Jones commenced a third party action against MPC under section 71-3-71 Mississippi Code Annotated (1972). Jones charged in his declaration that MPC was guilty of reckless, willful, wanton and unlawful acts constituting negligence which proximately and directly resulted in the injuries suffered by him. He predicated his case on three theories of negligence; (1) the breach by MPC of its common law duty to utilize the high standard of care commensurate with the dangerous and hazardous nature of electricity, (2) the willful violation of an ordinance of the City of Meridian which prohibited energizing an electrical system until after the city electrical engineer had made a final inspection of the system and issued his written certificate of approval, and (3) MPC did not notify Jones' employer that it had energized the electrical *1383 system in the fourth section of the Peavey building.

Jones was employed by Chester Chatham, an electrical contractor who was under contract with Peavey Electronics, Inc. to install electric wiring in a building owned by Peavey. Peavey was in the process of constructing a new building which was divided into four sections. Three sections consisted of new construction and the fourth section was an existing structure which was to be renovated.

MPC installed a large electrical transformer on Peavey's property which remained the property of MPC. Electric current was to be transmitted to all four sections of the Peavey building through the transformer. Chatham installed the wiring between the MPC transformer and the Peavey building. Each section of the building was energized as the electrical work in that section was completed with MPC making the necessary connection at its transformer.

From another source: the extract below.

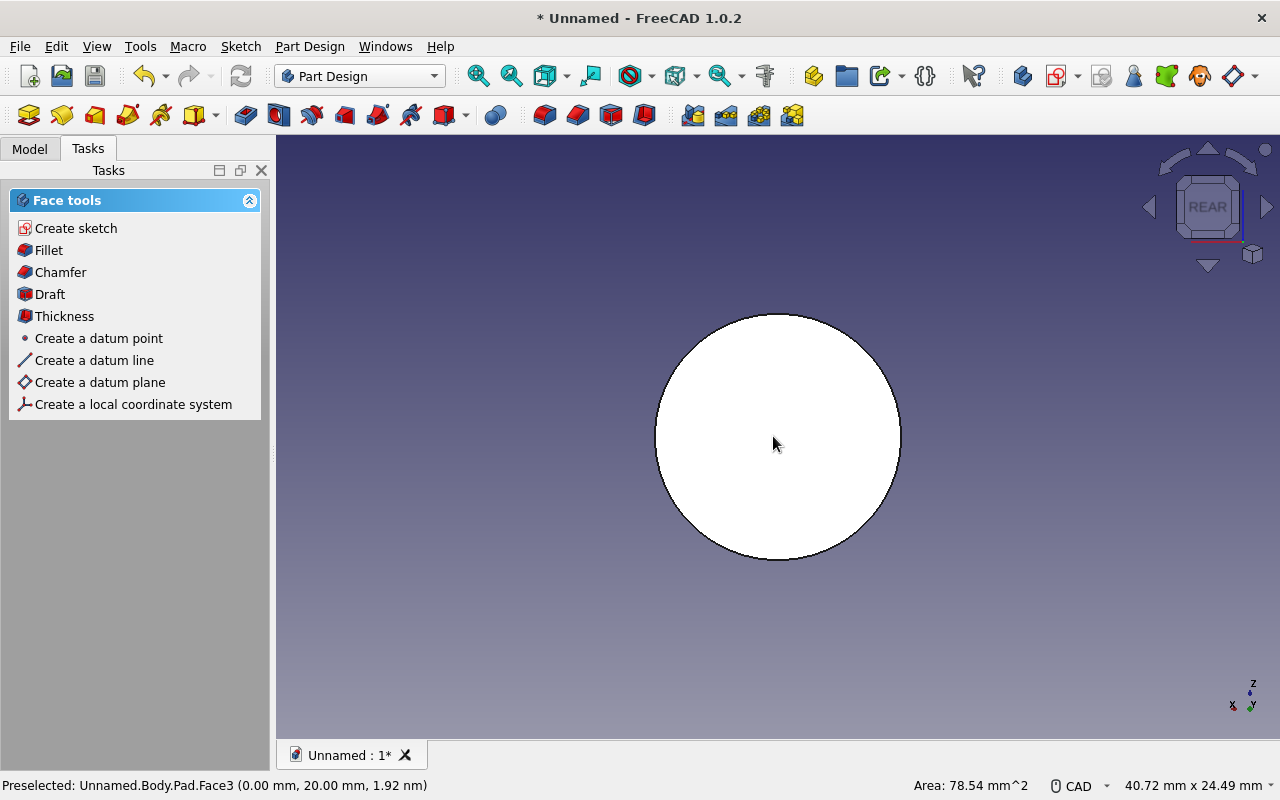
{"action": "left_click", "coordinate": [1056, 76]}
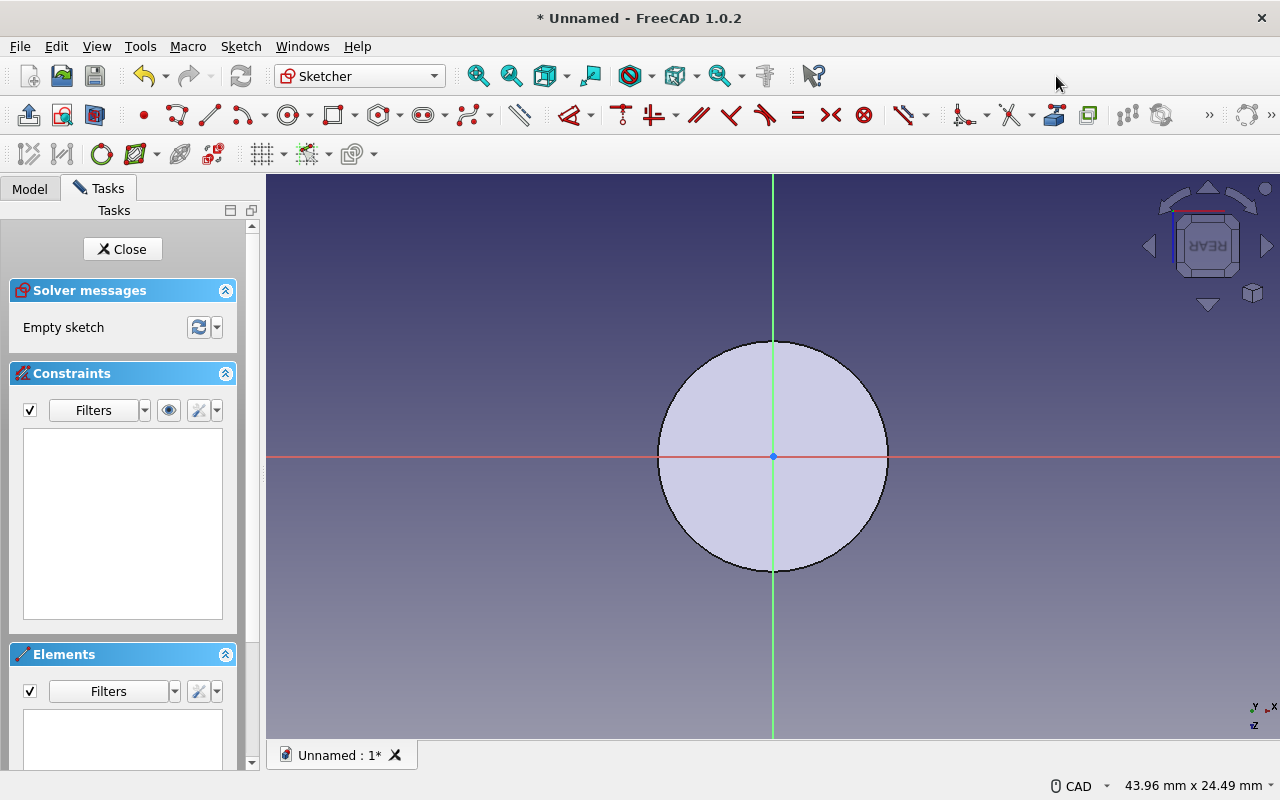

Before August 15, 1974, the city electrical inspector had approved the connection of electrical service to three sections of the building and those sections had been energized. On Thursday, August 15, 1974 as the wiring of the fourth section was nearing completion, Chatham requested MPC to disconnect the temporary electric service that had been serving the fourth section of the building during the renovation. Chatham also requested the city electrical inspector to make his inspection of the fourth section. The electrical inspector came to the premises on August 15, presumably to make an inspection of the fourth section; however, the inspector was not called as a witness to show that he completed his inspection and authorized energizing the electrical system in the fourth section. The only proof offered by MPC relating to its authorization to energize the system was by George East, Jr., Division Engineer for MPC. East testified that a memorandum of telephone calls was kept by Robert Davis, a staff assistant of MPC, who was not called as a witness. The memo contained the following entry: "M-26 Peavy's O.K. City 11:00."

When the memo was offered for identification only, plaintiff's attorney objected on the grounds that MPC was trying to show a custom and that the memo had not been furnished in response to a request for a production of documents.

The court questioned the witness East and after determining that Davis made the entries on the memo, overruled the objection.

Plaintiff's attorney questioned East about the memo and elicited from the witness the fact that the memo was the sole authorization MPC obtained before it energized the system. The witness was then asked to give his interpretation of the portion of the memo quoted above. The witness answered:

The city electrical engineer called Mr. Davis and told him — or his office called Mr. Davis and told him it was okay to energize that particular service.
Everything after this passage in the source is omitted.